Тогдашний министр культуры Е. Фурцева сделала большую ошибку, назначив Ю. В. Муромцева директором Большого театра. Уже в наше время читаю в книге А. Штильмана «В Большом театре и Метрополитен-Опера» (СПб., 2015, с. 141) из интервью Анатолия Риса с Игорем Алексеевым: «А помните легендарного ректора Гнесинки Муромцева Юрия Владимировича? – Это того самого, которого Фурцева пересадила в кресло директора Большого театра? – Именно его! И Муромцев, при первом знакомстве с труппой, произнёс незабываемую речь: "В ваш прославленный коллектив я пришёл работать с большой неохотой и огромным нежеланием"».
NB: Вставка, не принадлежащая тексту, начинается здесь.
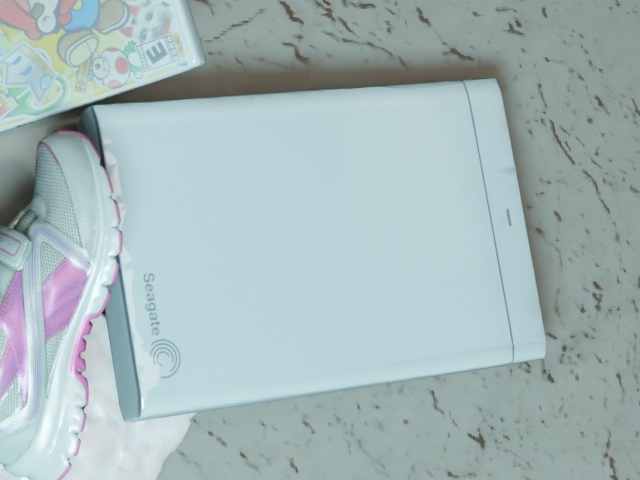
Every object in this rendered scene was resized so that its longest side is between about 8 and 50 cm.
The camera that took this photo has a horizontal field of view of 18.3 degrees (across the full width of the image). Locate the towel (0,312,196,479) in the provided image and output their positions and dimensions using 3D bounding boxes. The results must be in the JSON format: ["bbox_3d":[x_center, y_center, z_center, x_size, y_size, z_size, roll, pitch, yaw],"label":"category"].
[{"bbox_3d":[-0.290,0.156,1.430,0.317,0.053,0.332,38,73,-15],"label":"towel"}]

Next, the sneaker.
[{"bbox_3d":[-0.212,0.042,1.386,0.111,0.103,0.252,12,81,-22],"label":"sneaker"}]

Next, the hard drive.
[{"bbox_3d":[0.000,0.000,1.527,0.353,0.047,0.233,-6,83,-27],"label":"hard drive"}]

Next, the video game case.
[{"bbox_3d":[-0.212,-0.204,1.438,0.206,0.026,0.227,-17,94,15],"label":"video game case"}]
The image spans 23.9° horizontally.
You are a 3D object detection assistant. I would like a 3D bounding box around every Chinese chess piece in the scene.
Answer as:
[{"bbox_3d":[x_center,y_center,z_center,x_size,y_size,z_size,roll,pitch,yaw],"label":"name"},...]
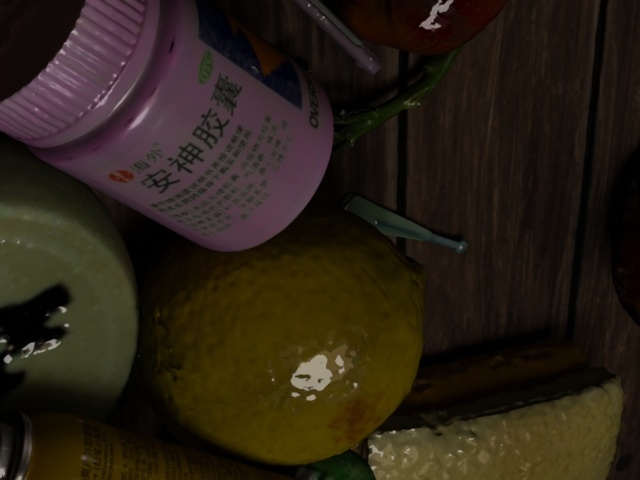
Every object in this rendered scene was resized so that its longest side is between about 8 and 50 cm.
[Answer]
[{"bbox_3d":[-0.315,0.077,1.226,0.349,0.146,0.349,-21,132,-25],"label":"Chinese chess piece"}]

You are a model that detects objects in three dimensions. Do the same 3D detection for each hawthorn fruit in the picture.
[{"bbox_3d":[0.109,-0.242,1.325,0.203,0.162,0.162,-14,132,-52],"label":"hawthorn fruit"}]

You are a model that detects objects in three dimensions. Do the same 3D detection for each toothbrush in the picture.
[{"bbox_3d":[-0.058,-0.236,1.250,0.029,0.024,0.354,-42,133,11],"label":"toothbrush"}]

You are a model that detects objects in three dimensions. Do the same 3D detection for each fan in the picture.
[{"bbox_3d":[0.087,-0.013,1.562,0.193,0.016,0.038,15,110,-43],"label":"fan"}]

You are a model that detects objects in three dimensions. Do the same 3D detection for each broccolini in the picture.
[{"bbox_3d":[0.035,-0.154,1.398,0.271,0.062,0.123,-35,142,-21],"label":"broccolini"}]

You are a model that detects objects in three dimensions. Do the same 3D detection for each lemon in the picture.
[{"bbox_3d":[-0.041,0.083,1.363,0.267,0.267,0.267,-21,132,-24],"label":"lemon"}]

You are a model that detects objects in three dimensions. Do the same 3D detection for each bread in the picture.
[{"bbox_3d":[0.155,0.257,1.715,0.375,0.165,0.236,-8,122,-33],"label":"bread"}]

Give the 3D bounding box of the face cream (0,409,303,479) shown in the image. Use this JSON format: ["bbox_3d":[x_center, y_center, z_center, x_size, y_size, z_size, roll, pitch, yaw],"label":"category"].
[{"bbox_3d":[-0.144,0.215,1.249,0.349,0.105,0.105,21,108,-32],"label":"face cream"}]

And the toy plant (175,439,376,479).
[{"bbox_3d":[-0.039,0.251,1.496,0.175,0.235,0.218,0,126,-32],"label":"toy plant"}]

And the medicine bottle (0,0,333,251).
[{"bbox_3d":[-0.139,-0.120,1.186,0.178,0.178,0.291,-51,137,6],"label":"medicine bottle"}]

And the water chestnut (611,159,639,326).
[{"bbox_3d":[0.466,0.015,1.699,0.289,0.289,0.244,9,111,-41],"label":"water chestnut"}]
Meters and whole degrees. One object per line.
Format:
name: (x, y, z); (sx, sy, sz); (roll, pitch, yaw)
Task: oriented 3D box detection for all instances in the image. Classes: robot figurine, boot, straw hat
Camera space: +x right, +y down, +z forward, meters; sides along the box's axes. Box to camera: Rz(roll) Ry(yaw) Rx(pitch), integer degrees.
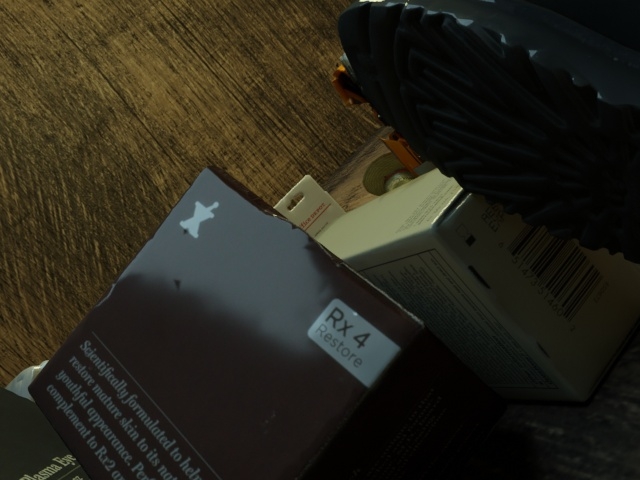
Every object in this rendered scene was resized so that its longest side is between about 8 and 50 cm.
robot figurine: (0.128, -0.204, 1.185); (0.085, 0.291, 0.211); (-38, 9, 29)
boot: (0.280, -0.184, 0.409); (0.445, 0.367, 0.146); (-49, -33, -15)
straw hat: (0.147, -0.097, 1.326); (0.144, 0.145, 0.061); (-37, 49, 37)

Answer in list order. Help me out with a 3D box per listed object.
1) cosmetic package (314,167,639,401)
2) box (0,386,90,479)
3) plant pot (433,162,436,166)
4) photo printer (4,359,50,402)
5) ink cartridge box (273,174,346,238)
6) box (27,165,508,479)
cosmetic package: (0.092, 0.040, 0.614); (0.113, 0.160, 0.309); (-45, 10, -22)
box: (-0.223, 0.206, 0.380); (0.343, 0.313, 0.178); (23, -89, -85)
plant pot: (0.188, -0.061, 0.641); (0.167, 0.165, 0.167); (-42, 10, 9)
photo printer: (-0.297, 0.303, 0.807); (0.256, 0.107, 0.307); (-34, 55, 54)
ink cartridge box: (0.000, 0.000, 1.143); (0.104, 0.180, 0.060); (-46, 9, -24)
box: (-0.018, 0.096, 0.449); (0.167, 0.168, 0.203); (-51, -34, -2)
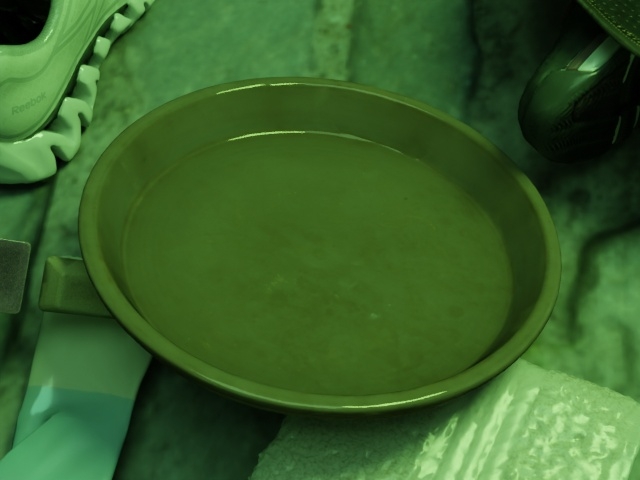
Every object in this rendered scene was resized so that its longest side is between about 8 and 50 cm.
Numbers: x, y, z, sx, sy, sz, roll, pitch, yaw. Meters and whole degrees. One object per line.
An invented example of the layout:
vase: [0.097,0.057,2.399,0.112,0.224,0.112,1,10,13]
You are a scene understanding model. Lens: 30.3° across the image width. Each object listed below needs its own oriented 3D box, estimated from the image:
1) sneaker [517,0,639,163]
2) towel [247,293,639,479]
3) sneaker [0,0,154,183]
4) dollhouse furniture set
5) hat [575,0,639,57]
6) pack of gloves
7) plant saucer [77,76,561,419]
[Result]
sneaker: [0.181,-0.170,0.794,0.162,0.106,0.281,37,57,24]
towel: [0.041,0.167,0.626,0.187,0.049,0.282,24,63,14]
sneaker: [-0.177,-0.183,0.797,0.110,0.118,0.292,8,59,8]
dollhouse furniture set: [-0.165,0.043,0.702,0.114,0.081,0.091,9,94,-24]
hat: [0.286,-0.231,0.696,0.331,0.134,0.331,1,47,-1]
pack of gloves: [-0.203,0.105,0.683,0.195,0.046,0.232,10,50,6]
plant saucer: [0.000,0.000,0.687,0.277,0.041,0.278,5,42,-5]
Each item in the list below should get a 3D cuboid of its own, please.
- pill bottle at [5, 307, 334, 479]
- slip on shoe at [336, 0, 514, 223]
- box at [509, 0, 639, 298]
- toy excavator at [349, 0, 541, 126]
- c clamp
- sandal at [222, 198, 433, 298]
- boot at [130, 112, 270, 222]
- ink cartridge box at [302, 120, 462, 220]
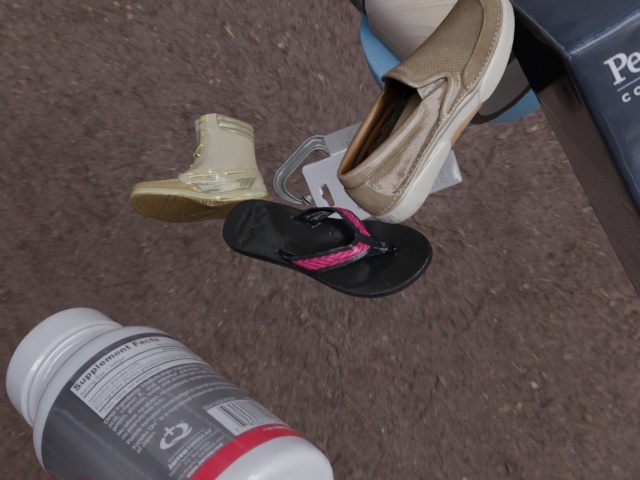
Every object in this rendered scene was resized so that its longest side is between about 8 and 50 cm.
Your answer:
[{"bbox_3d":[-0.155,0.189,0.874,0.318,0.176,0.176,30,96,36],"label":"pill bottle"},{"bbox_3d":[0.052,-0.076,0.470,0.041,0.051,0.135,32,86,-34],"label":"slip on shoe"},{"bbox_3d":[0.345,-0.094,0.688,0.293,0.212,0.395,-31,120,10],"label":"box"},{"bbox_3d":[0.249,-0.261,1.061,0.433,0.445,0.222,-39,70,-5],"label":"toy excavator"},{"bbox_3d":[-0.002,-0.120,1.684,0.160,0.022,0.137,-41,123,7],"label":"c clamp"},{"bbox_3d":[0.000,0.000,0.747,0.179,0.040,0.067,12,64,18],"label":"sandal"},{"bbox_3d":[-0.237,-0.142,1.773,0.262,0.095,0.203,-3,61,-17],"label":"boot"},{"bbox_3d":[0.072,-0.095,1.154,0.180,0.060,0.104,-20,123,4],"label":"ink cartridge box"}]

Проработав с таким настроением от силы два года, Юрий Владимирович затем вернулся в институт профессором кафедры оперной подготовки, но вскоре у него обнаружился рак. Умер Юрий Владимирович в 1975 году.

Самое неприятное впечатление оставляют страницы воспоминаний А. Д. Штильмана, относящиеся к Ю. В. Муромцеву. Казалось бы, совершенно понятная для любого нормального человека ситуация, которую и сам А. Д. Штильман считает ненормальной. В таком случае, зачем постоянное ёрничание? Он везде говорит о Ю. В. Муромцеве не иначе, как «полковник» (причём в кавычках) Муромцев и один раз – «писарь-капитан военно-полевого суда во время войны» (там же, с. 139). Что на это ответить? Отвечу прямо, что называется, в лоб.

В то самое солнечное осеннее утро 1944 года, когда маленького Артура привели в Большой театр в качестве зрителя (там же, с. 18), Ю. В. Муромцев защищал небо от фашистских самолётов, обеспечивая мирную жизнь в том числе и маленькому Артуру, и его учёбу в ЦМШ, в консерватории и в аспирантуре, в результате который он и стал тем, кем он стал.

Даю справку, добытую мною в РГАЛИ (фонд 2767) и подтверждённую в Квартире-музее им. Е. Ф. Гнесиной. «Гвардии старший лейтенант Юрий Владимирович Муромцев, участник Великой Отечественной войны с начала и до её окончания, сперва в качестве командира взвода управления батареи зенитной артиллерии ПВО Западного фронта, а с 1945 г. в качестве художественного руководителя ансамбля ПВО этого же фронта. Награждён орденом Красной звезды и медалями «За оборону Москвы», «За победу над Германией». Как говорится, комментарии излишни.

МОЙ ВИТАЧЕК

Название придумано не мной. Во время учёбы мне нравилось, когда говорили: «Вчера видел твоего Витачека в метро» или: «Боря, на днях Ваш Витачек на кафедре показывал свои этюды. Ну и ну! У нас из кафедры никто их не сыграет» и т. д. в том же духе. Так что vox populi – vox Dei. А теперь эпиграф, который будет не на своём месте, но сохранит свою роль.

– Фабий Евгеньевич, расскажите о том, как Вы учились у Мясковского. (очень долгая пауза)

– Боря, давайте займёмся делом.

Я пишу уже третий вариант воспоминаний о Фабии Евгеньевиче. Знаю, как бы он отнёсся к этой затее, да и читатель уже догадывается. Я не назвал бы это последовательное избегание внимания к своей особе чувством скромности (или только скромности), здесь было что-то более близкое смирению, как его понимают люди верующие.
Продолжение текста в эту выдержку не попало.